The Tallahassee bus boycott was a citywide boycott in Tallahassee, Florida that sought to end racial segregation in the employment and seating arrangements of city buses. On May 26, 1956, Wilhelmina Jakes and Carrie Patterson, two Florida A&M University students, were arrested by the Tallahassee Police Department for "placing themselves in a position to incite a riot". Robert Saunders, representing the NAACP, and Rev. C. K. Steele began talks with city authorities while the local African-American community started boycotting the city's buses. The Inter-Civic Council ended the boycott on December 22, 1956. On January 7, 1957, the City Commission repealed the bus-franchise segregation clause because of the United States Supreme Court ruling Browder v. Gayle (1956).

History
Not only were buses segregated, with white riders at the front and black ones in the back, if there were no free black seats black riders had to stand, even if there were free white seats. Furthermore, if there were more white riders than white seats, black riders had to surrender their seats.

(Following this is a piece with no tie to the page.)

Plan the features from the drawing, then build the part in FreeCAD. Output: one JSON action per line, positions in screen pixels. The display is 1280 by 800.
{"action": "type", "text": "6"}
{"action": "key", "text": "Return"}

Jakes and Patterson boarded a city bus and sat in the only open seats, which were next to a white woman. The driver declared that the two women could not sit where they were sitting, and Jakes agreed to get off the bus if she received her bus fare in return. The driver would not return Jakes' bus fare and drove to a service station, where he then called the police, who subsequently arrested the women. Later that day, the students were bailed out by the Dean of Students.

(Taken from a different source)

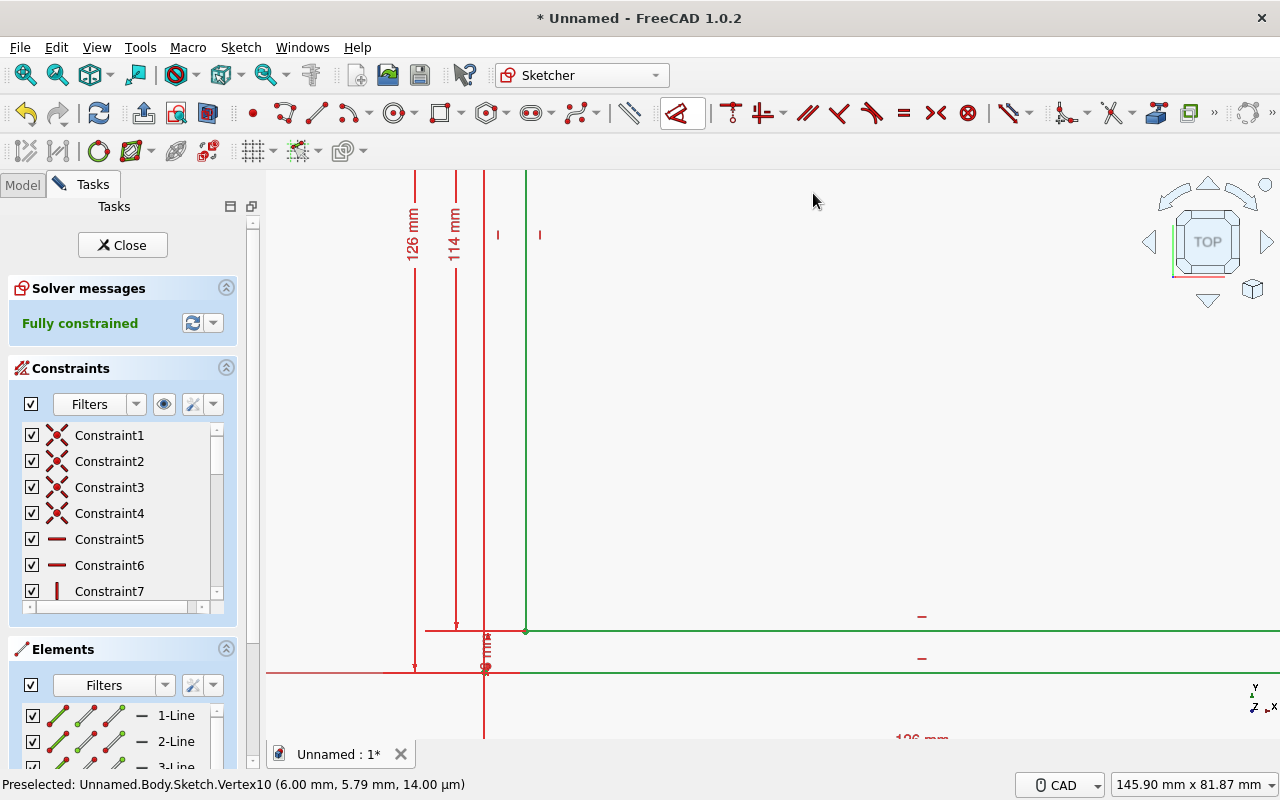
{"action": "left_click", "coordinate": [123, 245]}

The day after the incident, the Ku Klux Klan burned a cross in front of the women's residence. News of the cross-burning quickly spread throughout the campus, and Student Government Association officers, led by Brodes Hartley, called for a meeting of the student body. The incidents (the cross-burning and the arrest) were discussed in the meeting. Student leaders called for the withdrawal of student support of the bus company and for students to seek participation in the boycott throughout the community. Reverend Steele, a member of the Tallahassee Interdenominational Ministerial Alliance (IMA) and leader in the NAACP, organized a mass meeting that night. In the meeting, the Inter-Civic Council (ICC) was born from the joining of the NAACP, IMA, and Tallahassee Civic League. The ICC was formed in response to community fear that a NAACP-led protest would be met with state repression. Its leaders held weekly meetings and the Council was highly active in Civil Rights-related activism. The NAACP became involved well after the boycott had been started, when leaders sent a lawyer to defend drivers of boycotters (carpool drivers) who were arrested for driving unlicensed "for hire" vehicles.

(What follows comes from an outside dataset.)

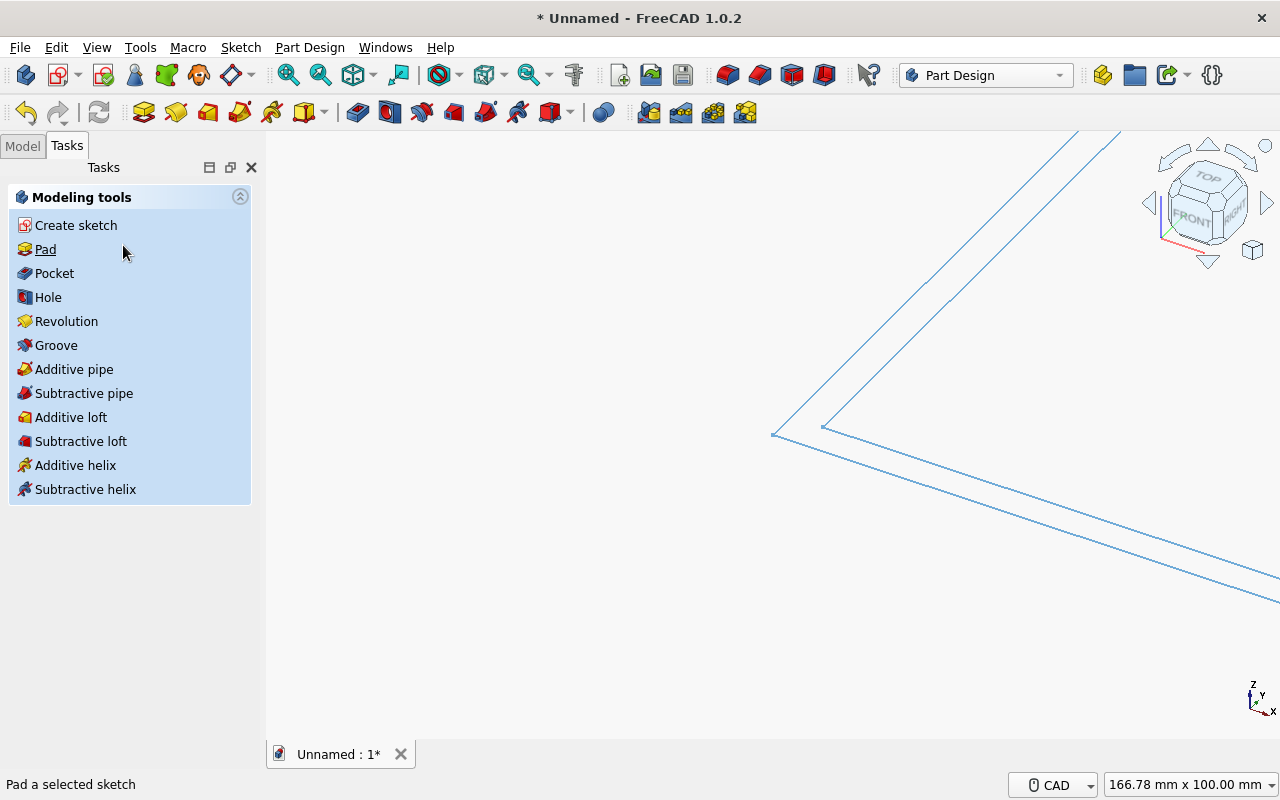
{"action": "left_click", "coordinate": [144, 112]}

Three months into the boycott, the demand for the employment of black bus drivers was met. For months after Browder v. Gayle, the government upheld de facto segregation, with the instantiation of an ordinance mandating assigned seats on buses. That led to arrests of blacks who did not sit in the seats assigned to them. Efforts persisted in resisting bus segregation and enforcement of the ordinance became less strict, when blacks again rode the buses.

In 1959, members of the Tallahassee InterCivic Council tested the success of the boycott by riding the newly-integrated buses; they found that the integration was successful.

Sociologist Lewis Killian points out that organizational and community leaders did not gather until after the initiation of the boycott, which highlights the spontaneity of the student-initiated boycott. Furthermore, the boycott was initiated during a time in which Tallahassee's civil rights-related organizational activity was markedly low and the black community in Tallahassee was unprepared for a protest as large as the boycott.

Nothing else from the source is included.